MAHKEMESİ :Ticaret Mahkemesi
DAVACILAR :
Taraflar arasındaki kooperatif üyeliğinden ihraç kararının iptali davasının yapılan yargılaması sonunda ilamda yazılı nedenlerden dolayı davanın kabulüne yönelik verilen hükmün süresi içinde davalı vekilince temyiz edilmesi üzerine dosya incelendi, gereği konuşulup düşünüldü.
- K A R A R -
Davacı vekili, müvekkili ..."ın 25.03.2015 tarihinde, ..."in ise 22.07.2005 tarihinde yönetim kurulu kararı ile peşin ödemeli üye olarak ortaklığa kabul edildiklerini, davalı kooperatif yönetim kurulunun 08.10.2010 tarihli ihtarname ile müvekkillerine ihraç edildiklerini bildirdiğini, cevabi ihtarname ile süresi içerisinde yönetim kurulu kararına itiraz edildiğini, 15.03.2015 tarihinde yapılan genel kurul toplantısında da üyelikten kesin ihraç edilmeleri konusunda yönetim kuruluna yetki verildiğini, davalı kooperatifin müvekkillerinden hem peşin üyelik bedeli aldığını, hem de bedel hiç alınmamış ve peşin üyelik yapılmamış gibi borç çıkararak mükerrer ödeme yapılmasına ve ödeme yapılmaması sebebiyle üyelikten çıkarılmalarına çalıştığını, 15.03.2015 tarihli genel kurul toplantısının müvekkillerine usulüne uygun çağrı yapılmadığından ve oy imkanı bulunmayan üçüncü kişilerin toplantıya çağrıldığını ileri sürerek genel kurulun müvekkillerin usulüne uygun çağrılmaması nedeniyle iptaline, ihraç kararıyla ilgili kararın iptaline ve müvekkillerin üyeliklerinin ve borçlu bulunmadıklarının tespitine karar verilmesini talep ve dava etmiştir.

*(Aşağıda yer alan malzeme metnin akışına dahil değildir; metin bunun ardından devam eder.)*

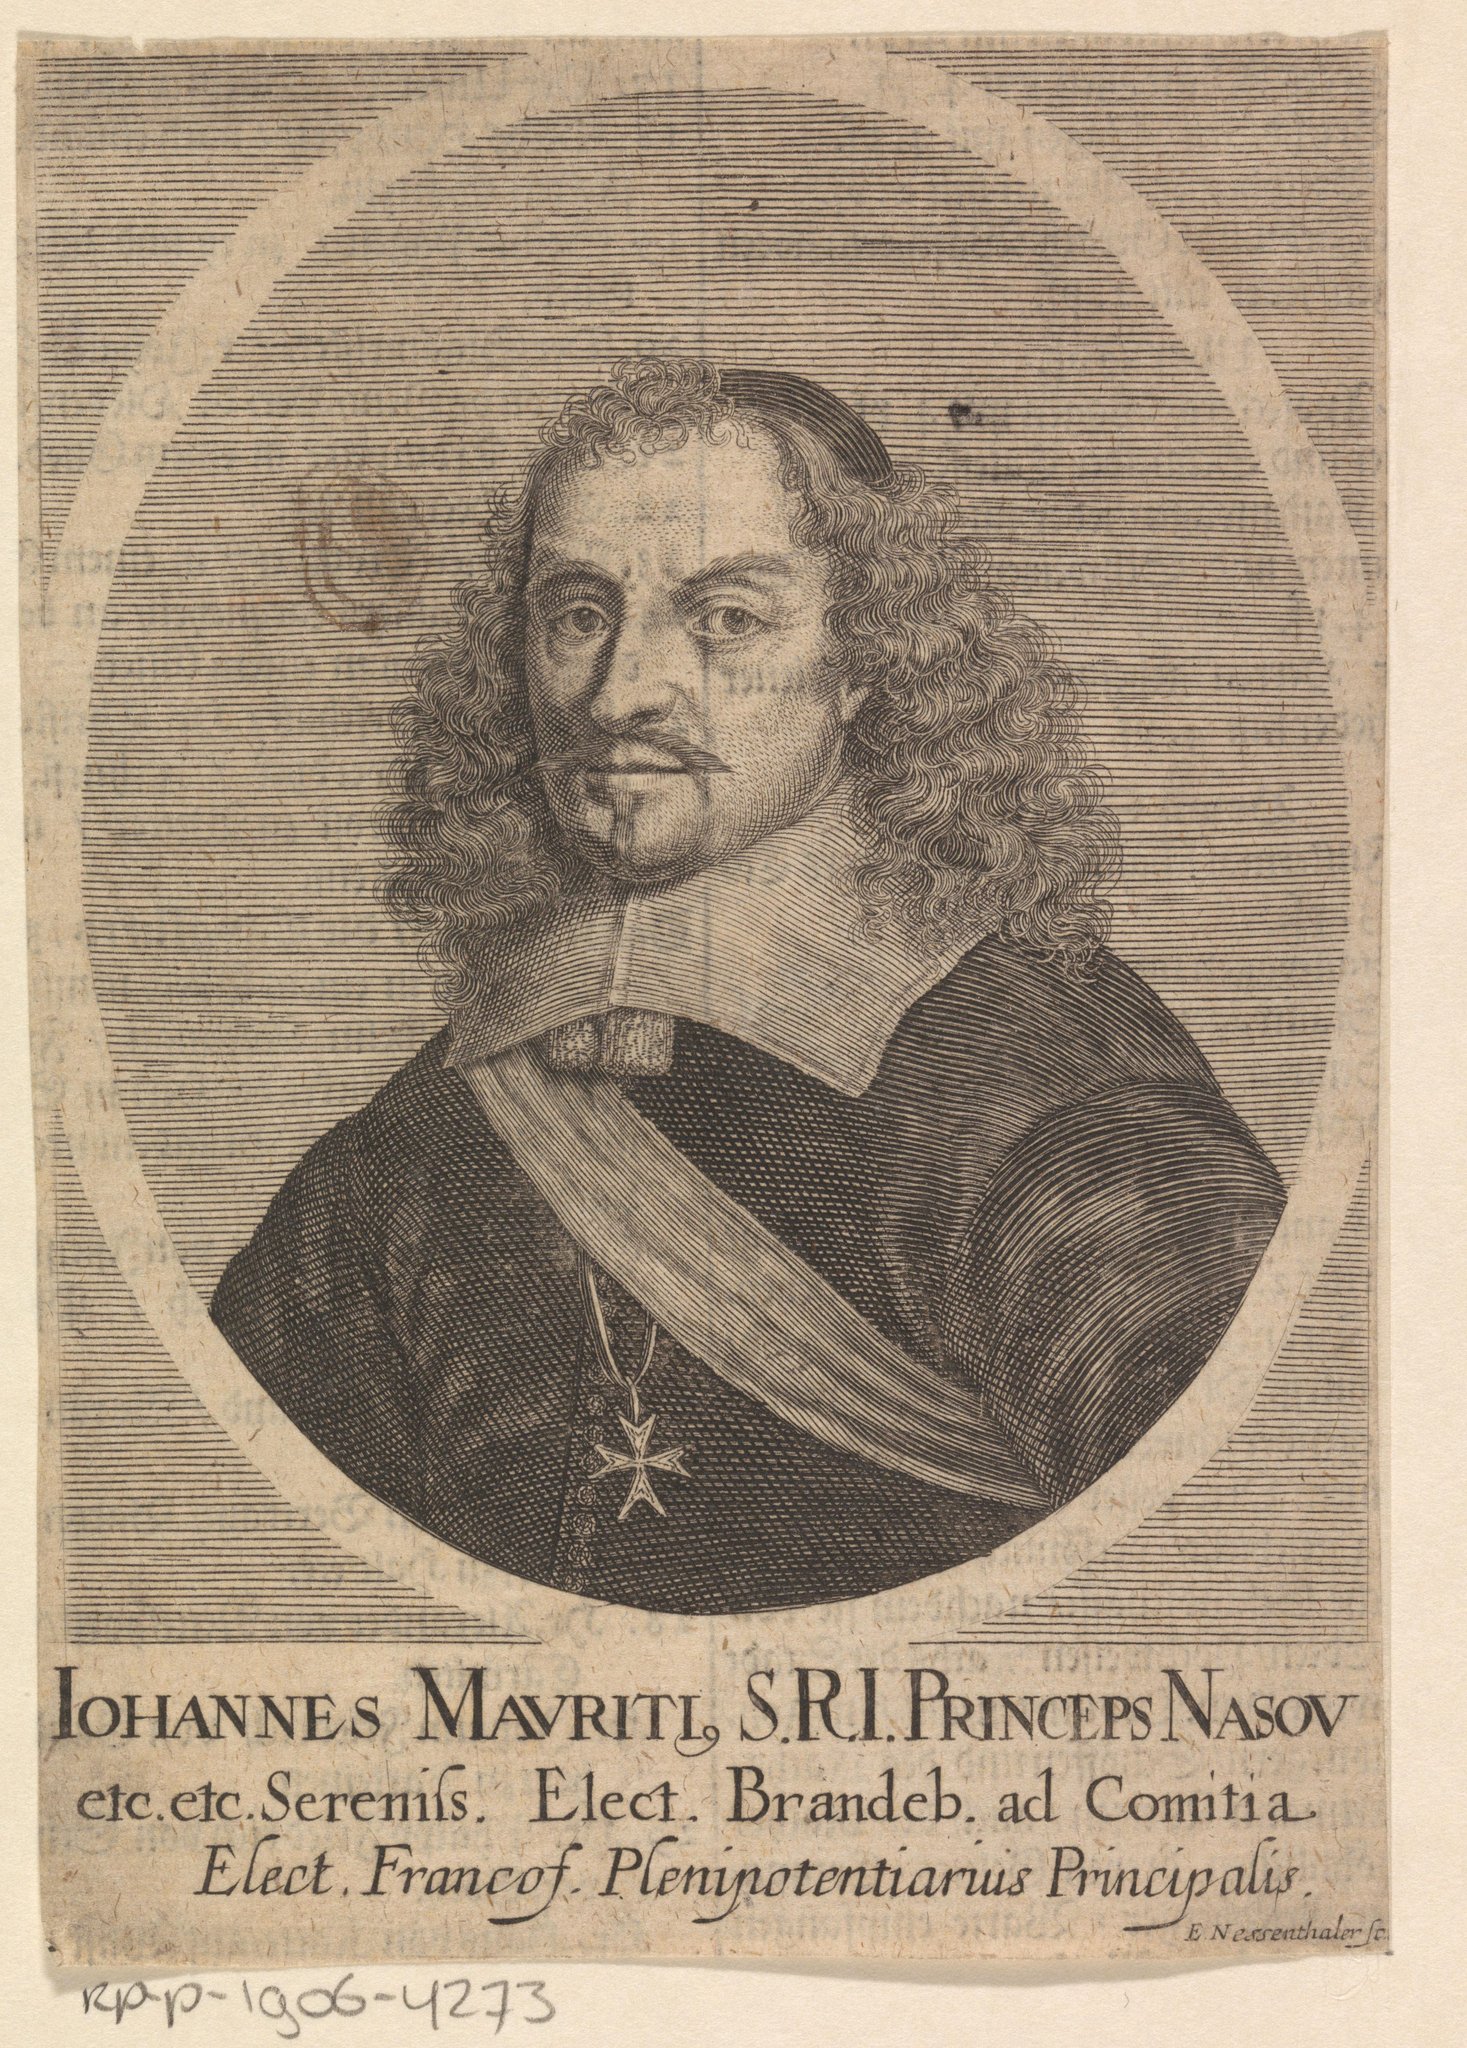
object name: book illustration
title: Portret van Johan Maurits, graaf van Nassau-Siegen
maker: elias nessenthaler
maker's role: print maker
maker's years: 1664-1714
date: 1674-1714
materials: paper
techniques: engraving, etching, letterpress printing
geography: germany
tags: earl, johan maurits graaf van nassau-siegen
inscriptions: collector's mark: Lugt 2228
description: De hier vermelde titel verwijst naar de hoogst verkregen titel van de geportretteerde, niet per se naar de titel die de geportretteerde op deze voorstelling draagt.
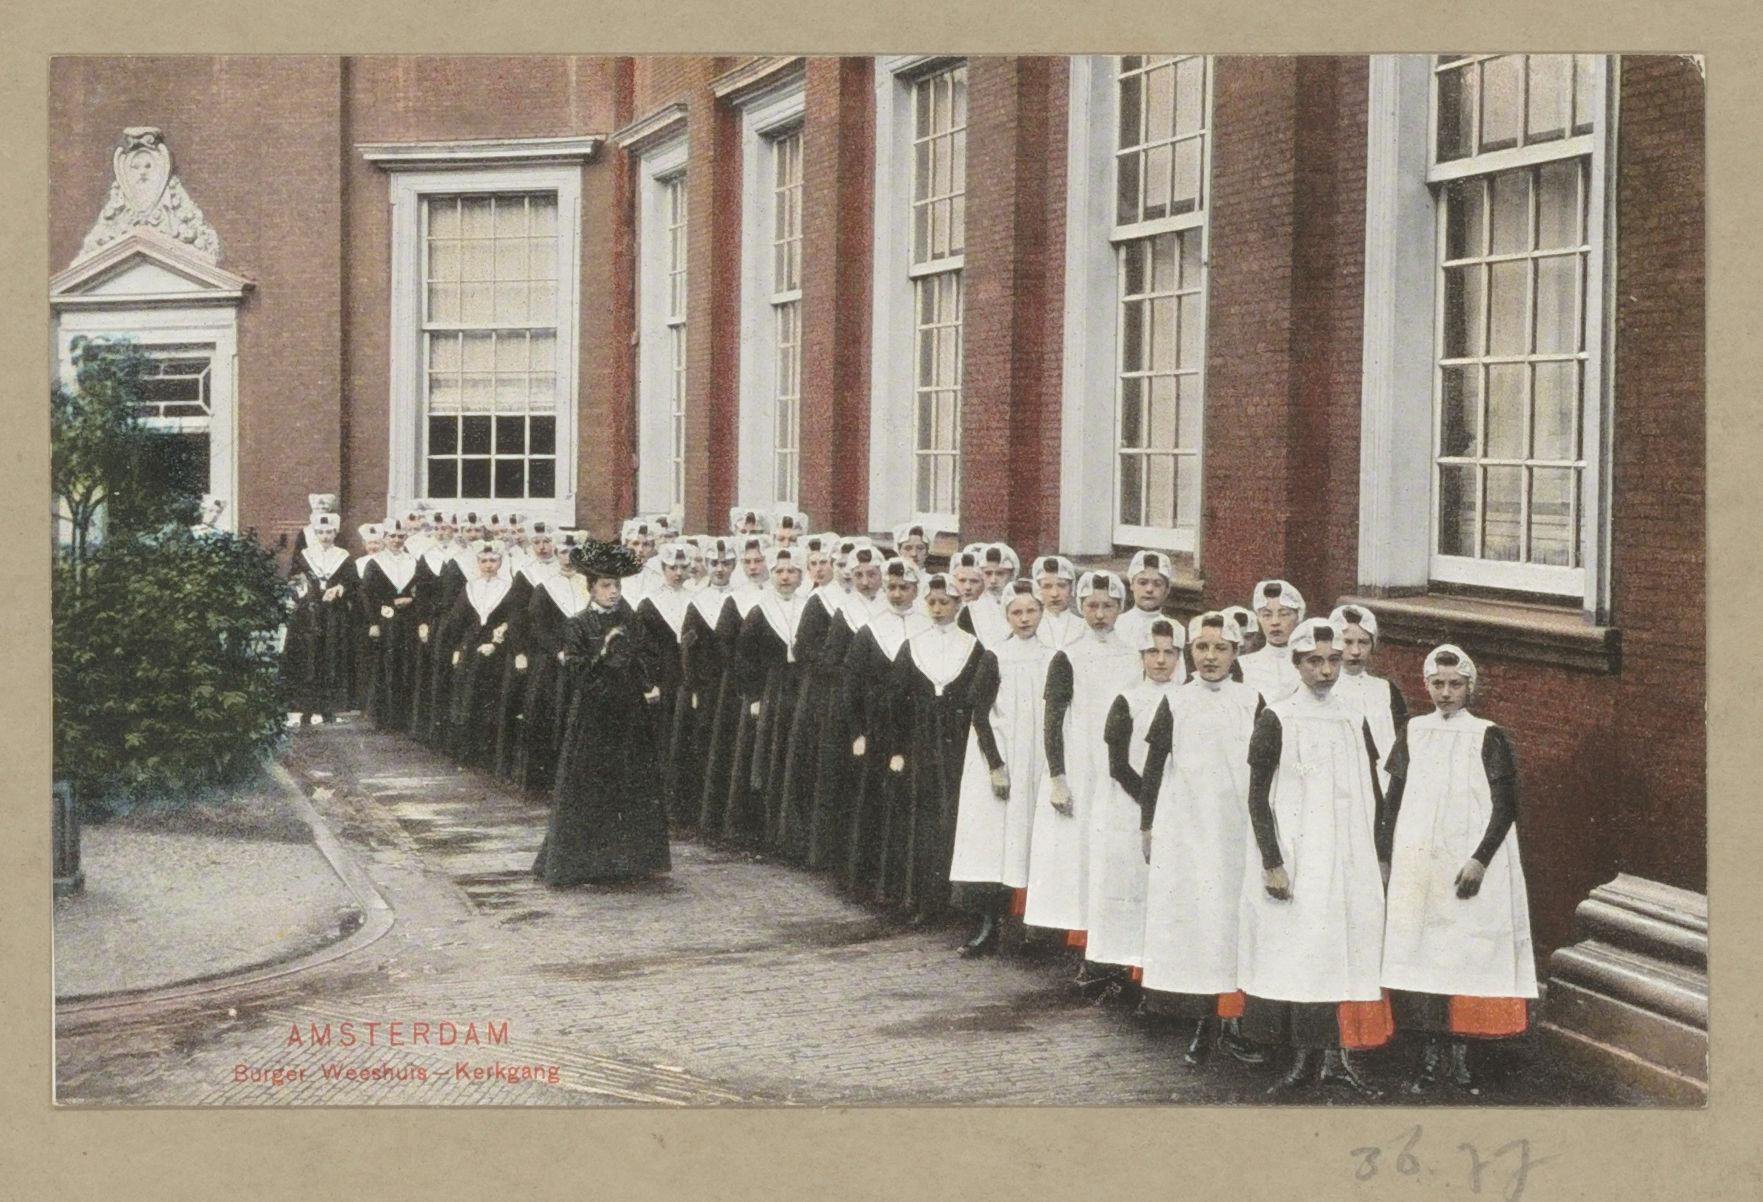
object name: ansichtkaart, prentbriefkaart
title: Weesmeisjes voor de kerkgang van het Burgerweeshuis te Amsterdam
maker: Anonymous
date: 1890-1920
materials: cardboard
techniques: four-color autotype
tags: orphanage, orphans
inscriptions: collector's mark: Lugt 1641b
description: Onderwerpsrubriek binnen de Atlas Amsterdam: Armwezen en liefdadige instellingen: I. Stadsinrichtingen: Burgerweeshuis.

Davalı vekili, ihraç kararının hukuka ve usule uygun olduğunu, ihraç kararının usulüne uygun tebliğinden itibaren üç aylık hak düşürücü süre içerisinde itiraz hakkını kullanmadıklarını, davacıların haklarındaki ihraç kararı kesinleştiğinden toplantıya çağrılmamalarının hukuka uygun olduğunu savunarak davanın reddini istemiştir.
Mahkemece, iddia, savunma, dosya kapsamı ve benimsenen bilirkişi raporuna göre, davacıların peşin ve sabit ödemeli ortak oldukları, ortaklıktan ihraç kararına dayanak ihtarnamelerde sorumlu oldukları genel yönetim gideri ve alt yapı gideri ayrıştırılmaksızın genel kurulca kararlaştırılan aidatların aynen istenmek suretiyle fazla borç çıkarıldığı, TBK"nın 120. maddesi hükmüne aykırı olarak faiz hesaplanması nedeniyle ihtarnamelerin geçersiz olması sonucu haklarında yönetim kurulunca alınan ortaklıktan ihraç kararlarına karşı davacıların itirazları üzerine davalı kooperatifin 15.03.2015 tarihli genel kurul gündeminin 3. maddesine alınan ihraç kararının iptal edilmesi gerektiği, genel kurul kararının iptali istemlerinin genel kurulca alınan ihraç kararının iptali şeklinde yorumlanması gerektiği, ihraç kararının iptali ile üyeliğin tespiti isteminin aynı nitelikte olduğu, borçlu bulunmadıklarını tespiti isteminin teknik anlamda bir menfi tespit davası olmadığı, yalnızca peşin ödemeli ortak olan davacıların aidat ödeme yükümlülüğü bulunmadığının tespitini amaçladığı, peşin ve sabit ödemeli ortak olan davacıların inşaat giderlerinden sorumlu olmayıp, genel yönetim giderlerinden ve alt yapı giderlerinden sorumlu oldukları gerekçesiyle davanın kabulü ile ihraç kararının iptaline karar verilmiştir.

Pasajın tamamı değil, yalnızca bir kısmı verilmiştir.